Goal of the exercise: Everything in the listing below needs restating exactly, apart from the pictures.

Records shown:
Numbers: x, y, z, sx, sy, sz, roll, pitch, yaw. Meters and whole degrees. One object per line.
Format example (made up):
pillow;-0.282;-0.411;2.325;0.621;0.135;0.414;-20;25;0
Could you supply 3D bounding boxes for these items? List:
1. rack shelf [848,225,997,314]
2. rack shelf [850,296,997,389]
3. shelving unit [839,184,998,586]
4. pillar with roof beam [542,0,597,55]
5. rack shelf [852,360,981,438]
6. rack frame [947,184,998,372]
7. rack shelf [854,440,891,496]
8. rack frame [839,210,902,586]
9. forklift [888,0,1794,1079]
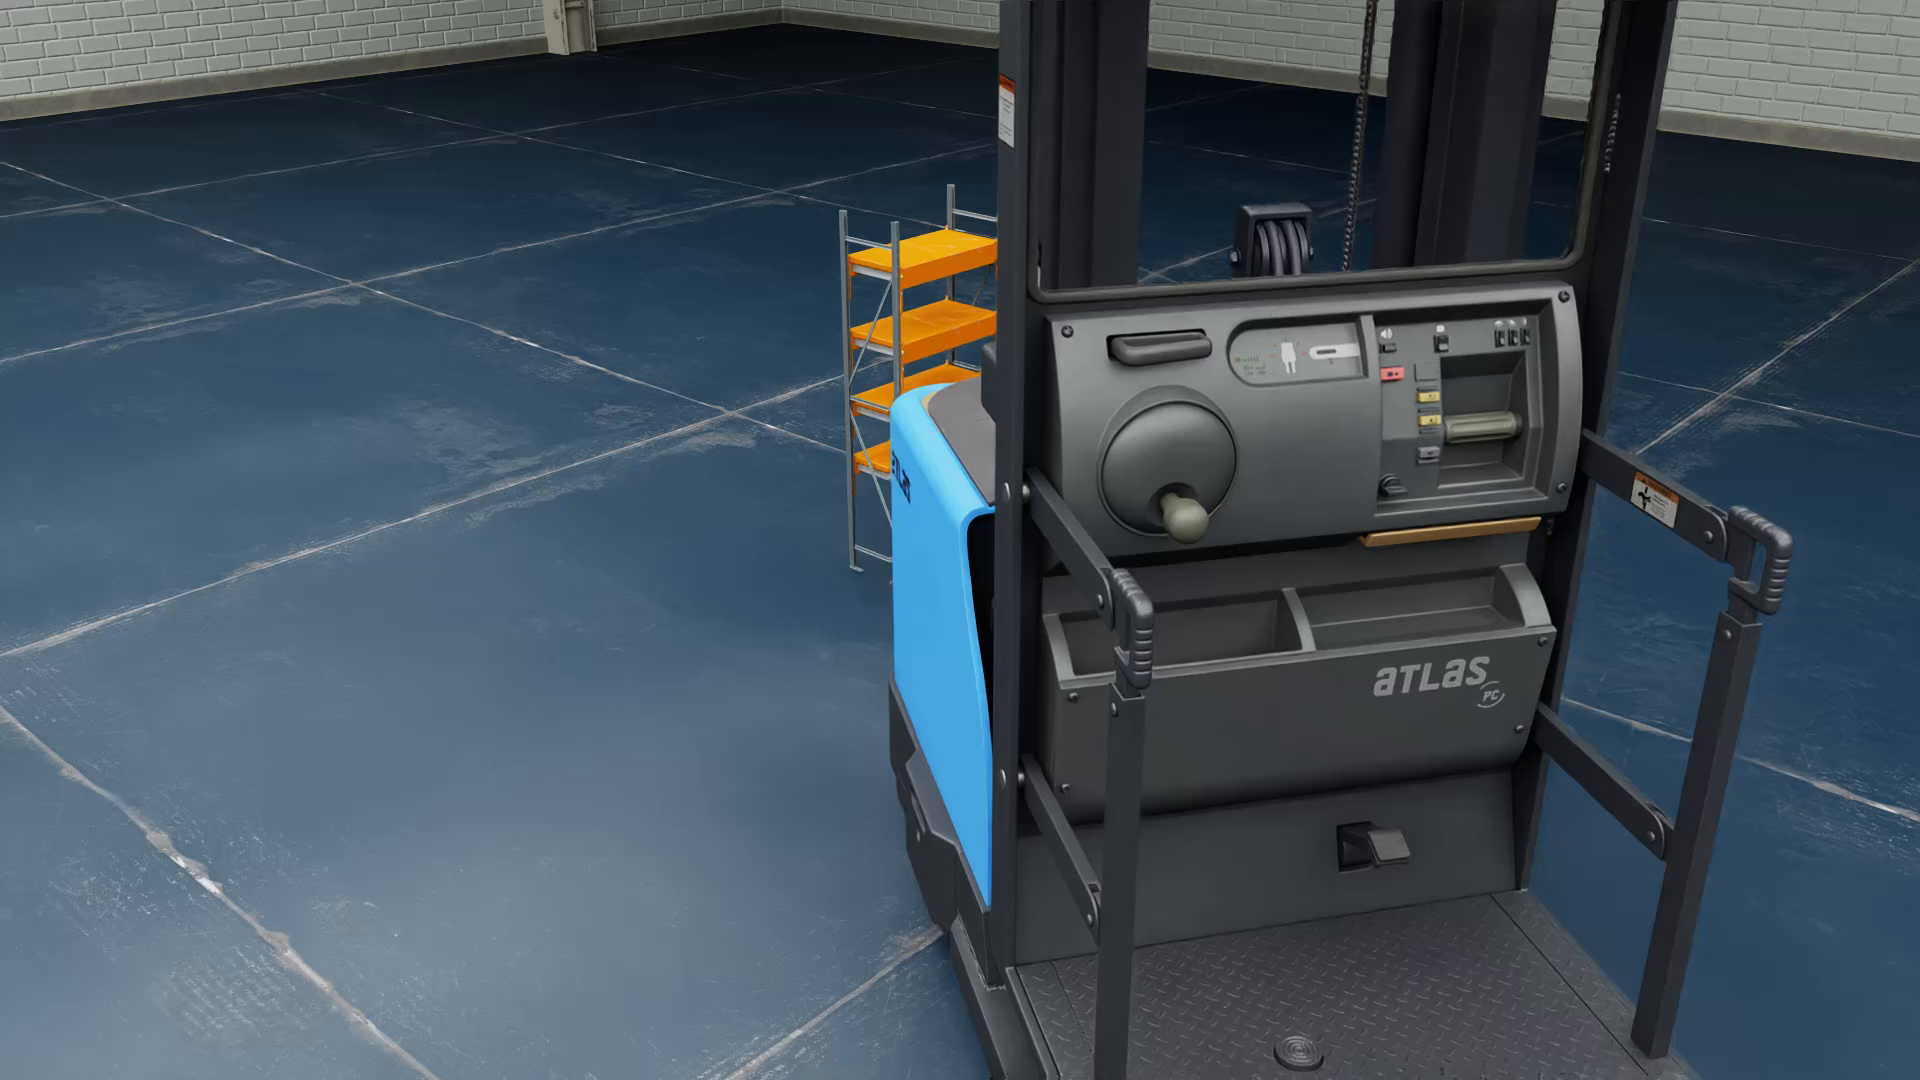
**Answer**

Answer section:
Numbers: x, y, z, sx, sy, sz, roll, pitch, yaw. Meters and whole degrees. One object per line.
Format example (made up):
pillow;-0.282;-0.411;2.325;0.621;0.135;0.414;-20;25;0
Could you supply 3D bounding boxes for these items? List:
1. rack shelf [848,225,997,314]
2. rack shelf [850,296,997,389]
3. shelving unit [839,184,998,586]
4. pillar with roof beam [542,0,597,55]
5. rack shelf [852,360,981,438]
6. rack frame [947,184,998,372]
7. rack shelf [854,440,891,496]
8. rack frame [839,210,902,586]
9. forklift [888,0,1794,1079]
**Answer**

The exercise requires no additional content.